What you have to do:
I'd like every line in the following listing that holds "subtitle" copied.

Records provided:

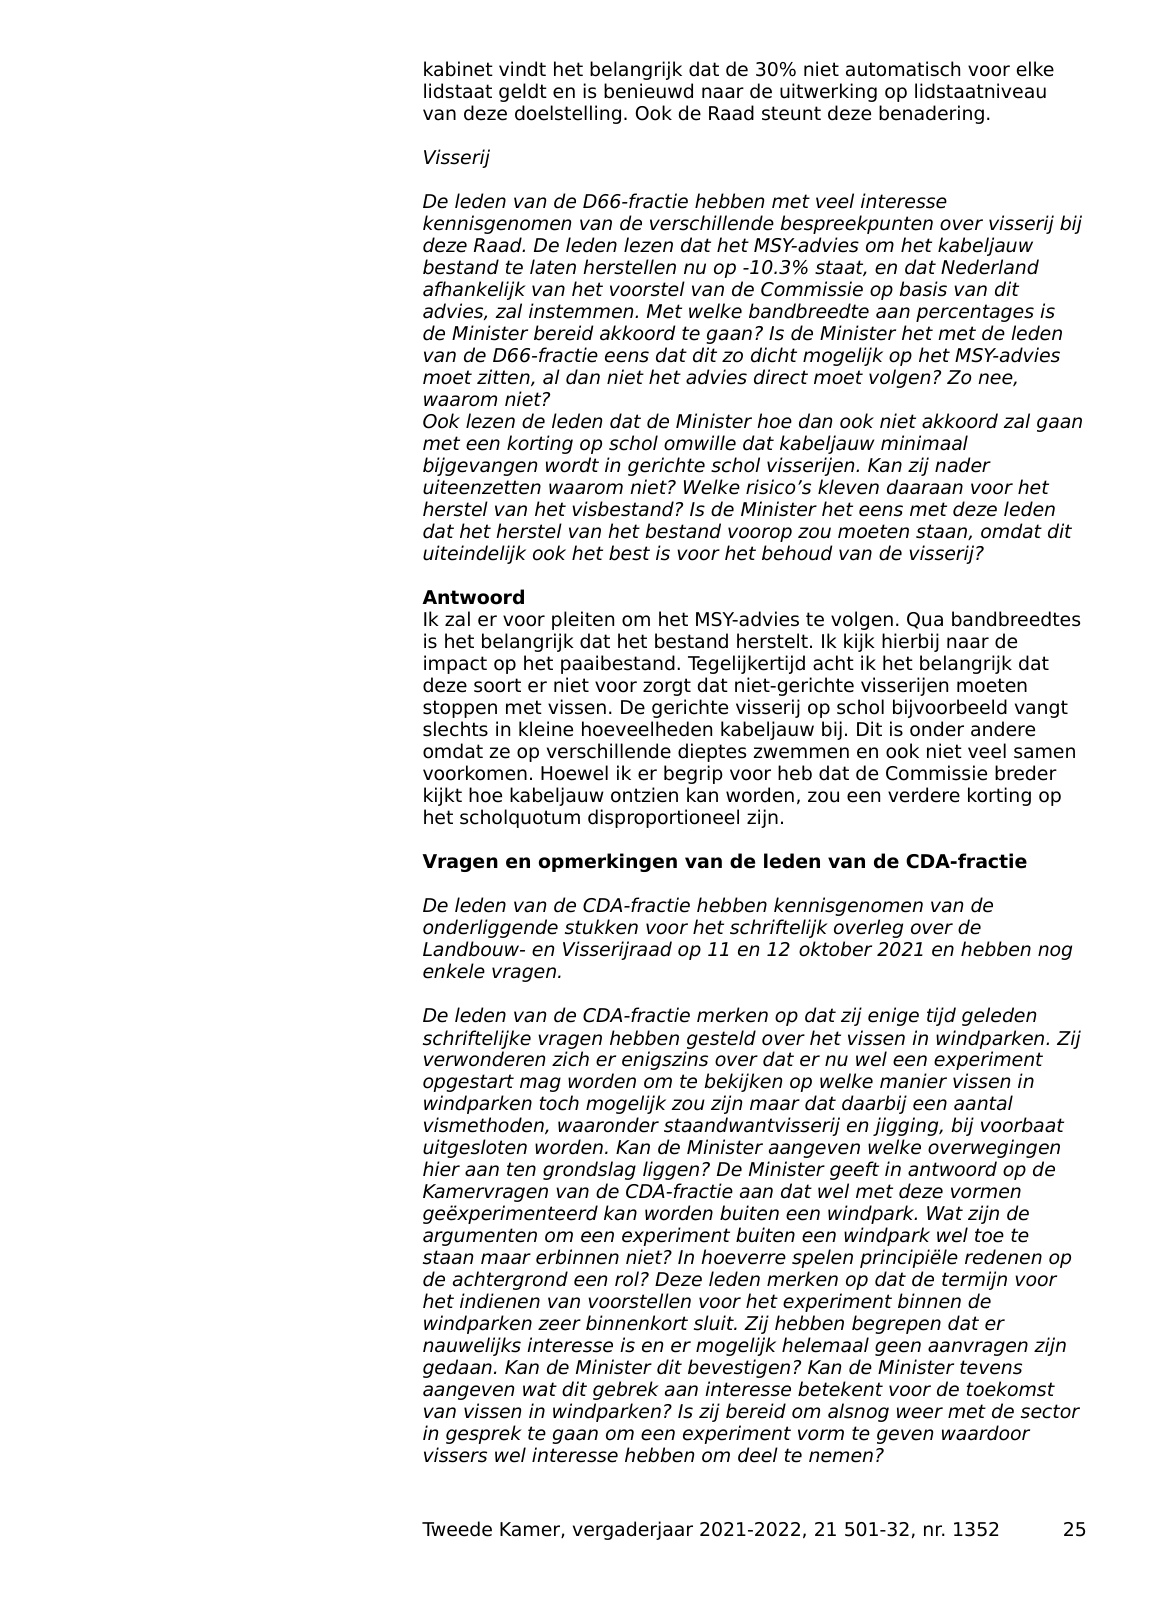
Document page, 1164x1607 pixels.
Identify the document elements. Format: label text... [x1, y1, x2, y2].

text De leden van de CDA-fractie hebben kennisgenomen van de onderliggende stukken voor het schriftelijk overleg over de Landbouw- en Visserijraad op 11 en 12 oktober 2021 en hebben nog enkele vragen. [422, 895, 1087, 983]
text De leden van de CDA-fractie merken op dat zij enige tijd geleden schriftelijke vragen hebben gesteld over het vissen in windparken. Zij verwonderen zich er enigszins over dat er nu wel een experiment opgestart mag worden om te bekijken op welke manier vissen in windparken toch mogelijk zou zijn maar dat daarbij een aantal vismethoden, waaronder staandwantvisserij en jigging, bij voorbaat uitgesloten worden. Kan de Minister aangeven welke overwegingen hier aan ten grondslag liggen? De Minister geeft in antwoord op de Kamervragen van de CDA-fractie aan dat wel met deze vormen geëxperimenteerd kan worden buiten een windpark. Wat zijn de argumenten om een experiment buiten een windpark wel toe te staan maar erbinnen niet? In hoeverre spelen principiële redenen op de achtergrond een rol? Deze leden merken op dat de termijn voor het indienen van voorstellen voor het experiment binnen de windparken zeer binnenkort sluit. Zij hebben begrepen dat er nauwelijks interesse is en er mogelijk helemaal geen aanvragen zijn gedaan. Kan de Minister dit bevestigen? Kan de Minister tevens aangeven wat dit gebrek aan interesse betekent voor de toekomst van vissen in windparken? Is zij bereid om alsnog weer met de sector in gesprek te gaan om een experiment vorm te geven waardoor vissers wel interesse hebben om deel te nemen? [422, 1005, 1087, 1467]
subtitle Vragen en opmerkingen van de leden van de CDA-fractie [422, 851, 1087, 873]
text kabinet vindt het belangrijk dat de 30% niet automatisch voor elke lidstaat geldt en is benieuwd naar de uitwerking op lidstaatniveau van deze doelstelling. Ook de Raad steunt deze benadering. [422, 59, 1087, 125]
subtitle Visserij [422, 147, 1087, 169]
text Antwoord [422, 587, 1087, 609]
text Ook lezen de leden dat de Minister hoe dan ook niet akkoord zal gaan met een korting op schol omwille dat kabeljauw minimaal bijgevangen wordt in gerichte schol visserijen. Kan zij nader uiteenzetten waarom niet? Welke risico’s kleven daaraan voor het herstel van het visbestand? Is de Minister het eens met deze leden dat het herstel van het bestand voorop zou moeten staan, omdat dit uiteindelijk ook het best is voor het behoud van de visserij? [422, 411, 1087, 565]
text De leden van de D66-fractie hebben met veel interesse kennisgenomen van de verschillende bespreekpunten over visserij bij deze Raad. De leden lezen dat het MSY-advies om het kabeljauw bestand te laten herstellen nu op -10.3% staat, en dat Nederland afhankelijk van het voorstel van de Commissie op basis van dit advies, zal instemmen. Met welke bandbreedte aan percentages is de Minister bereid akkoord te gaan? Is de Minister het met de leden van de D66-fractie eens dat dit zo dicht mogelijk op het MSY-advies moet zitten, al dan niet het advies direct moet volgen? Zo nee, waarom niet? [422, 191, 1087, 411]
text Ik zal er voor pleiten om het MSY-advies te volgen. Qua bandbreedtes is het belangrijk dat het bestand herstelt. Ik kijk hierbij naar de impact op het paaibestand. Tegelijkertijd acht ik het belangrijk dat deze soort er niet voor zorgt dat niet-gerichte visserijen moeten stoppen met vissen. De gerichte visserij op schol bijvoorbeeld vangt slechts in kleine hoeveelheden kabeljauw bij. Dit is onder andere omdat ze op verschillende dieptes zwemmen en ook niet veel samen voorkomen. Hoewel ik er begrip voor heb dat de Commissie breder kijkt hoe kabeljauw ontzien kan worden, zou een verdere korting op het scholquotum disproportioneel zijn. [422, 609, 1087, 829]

Result:
subtitle Vragen en opmerkingen van de leden van de CDA-fractie [422, 851, 1087, 873]
subtitle Visserij [422, 147, 1087, 169]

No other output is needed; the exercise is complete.